Scotland’s poor smokers

Yes it kills you. Yep, it’s bloody expensive and lulls you into a fall sense of unbridled satisfaction. It smells, it lingers, it stains. But it’s our/their/your right. Pity Scotland and her happy smokers, for today marks the beginning of the end.

I know it’s wrong. In fact, me and a mate were accosted by an elderly drunked in the pub the on Friday who had, after 50 years of puffing, finally given up. Well done that man. I usually resent the preaching of recently-quit smokers, but his insistence was too pressing. Much of his ramblings were incomprehensible, no doubt fuelled by another equally wonderful poison, but he did make one useful observation: smoking is the biggest con around. It is. And we’re all the more pathetic for it. However ridiculous as it sounds – and I tell my brother this on an almost weekly basis – we enjoy it!

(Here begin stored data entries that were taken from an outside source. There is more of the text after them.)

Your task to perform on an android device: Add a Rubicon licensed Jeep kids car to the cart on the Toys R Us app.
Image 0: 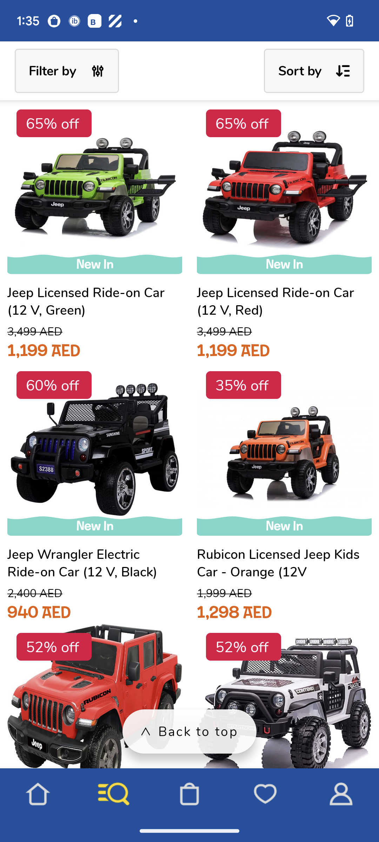
Click on the image in the middle right of the screen.
Step 0: click (292, 471)
Image 1: 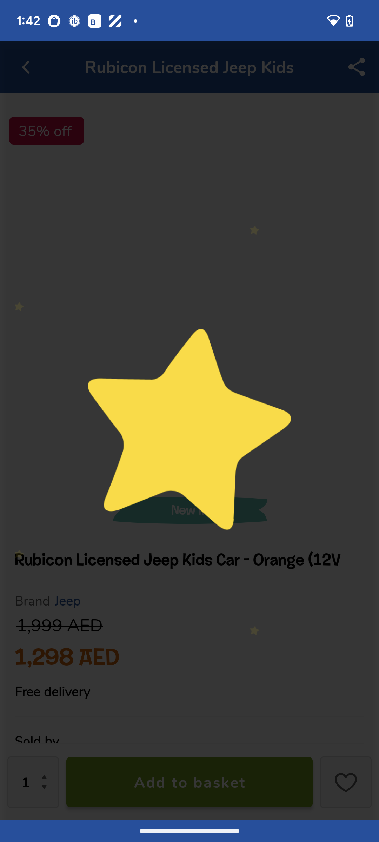
Click on the image in the middle right of the screen.
Step 1: wait
Image 2: 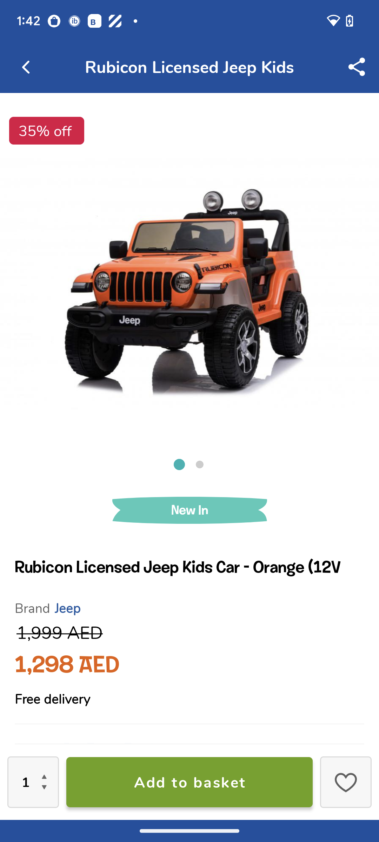
Click on Add to basket at the bottom of the screen.
Step 2: click (189, 782)
Image 3: 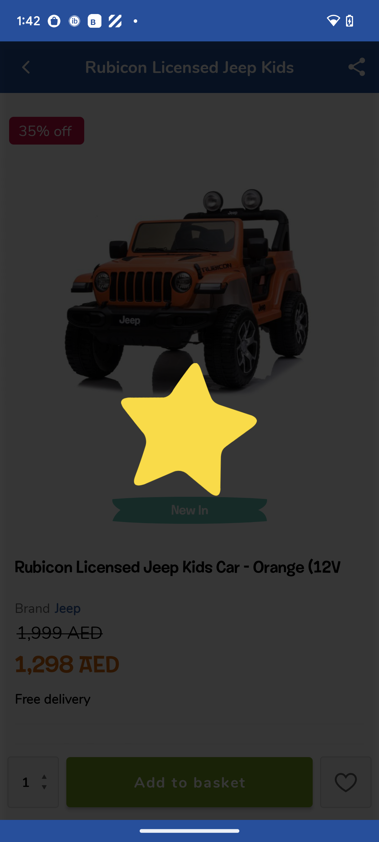
Click on Add to basket at the bottom of the screen.
Step 3: wait
Image 4: 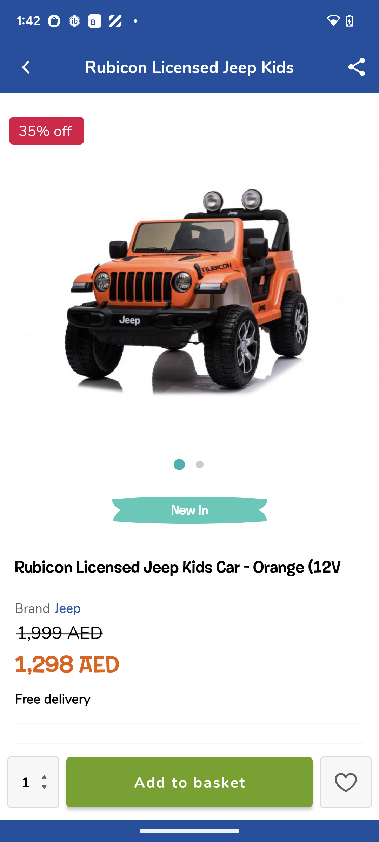
Click on Add to basket at the bottom of the screen.
Step 4: click (189, 782)
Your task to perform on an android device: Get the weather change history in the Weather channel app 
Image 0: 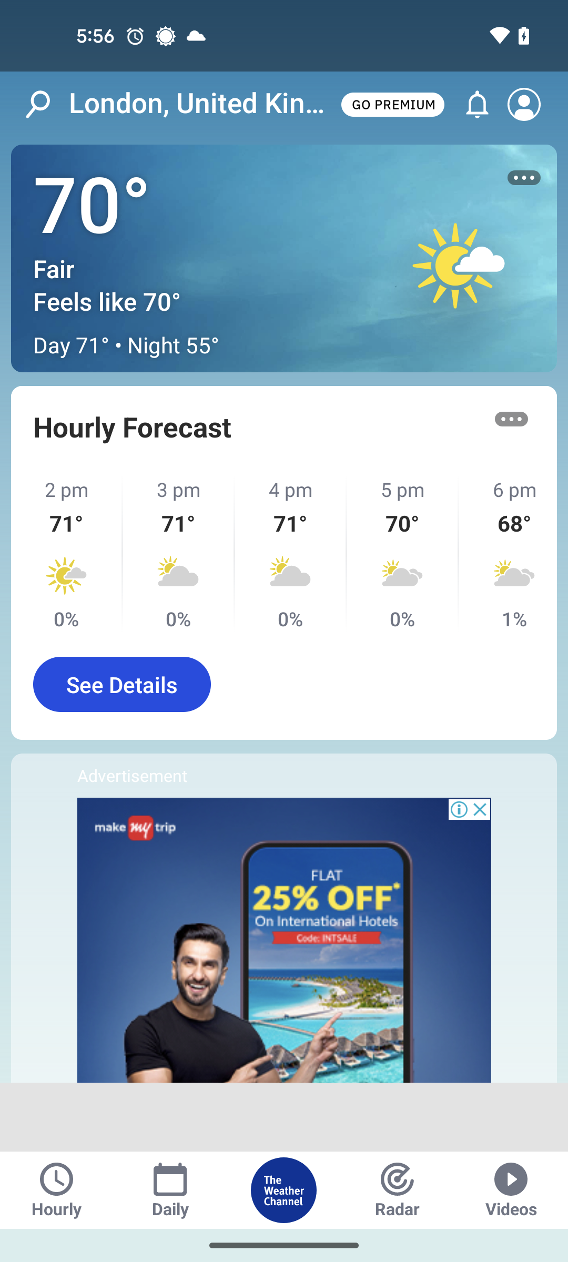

As I lit up another one, and supped on my beer in a remarkably cheap pub which does beer for £2.80, it got me thinking. 2006 will be the year I quit – it will – but nevertheless, I despise the nanny state and dictatorship we live in. Maybe the government are covering their arses for the eventual influx of law suits (“no one told me it would kill me!”) from society’s gluttonous creatures. Nevertheless, it makes me angry that someone in government can tell us – law-abiding, polite, hard-working tax-payers – not to smoke.

Oh, and by the way, the bars housed on the Thames in Parliament are exempt from the upcoming ban on smoking; those very same minions will happily puff on their cigarettes while the rest of us suffer in the stupifaction of better health and a nicotineless existence.

Yes it’s bad, but it’s also our choice. Meanwhile, Jacques Kallis has just hit his 24th hundred (vain attempt to make this rant related to cricket, which it clearly aint)

Apologies, shan’t rant about non-cricket matters here again.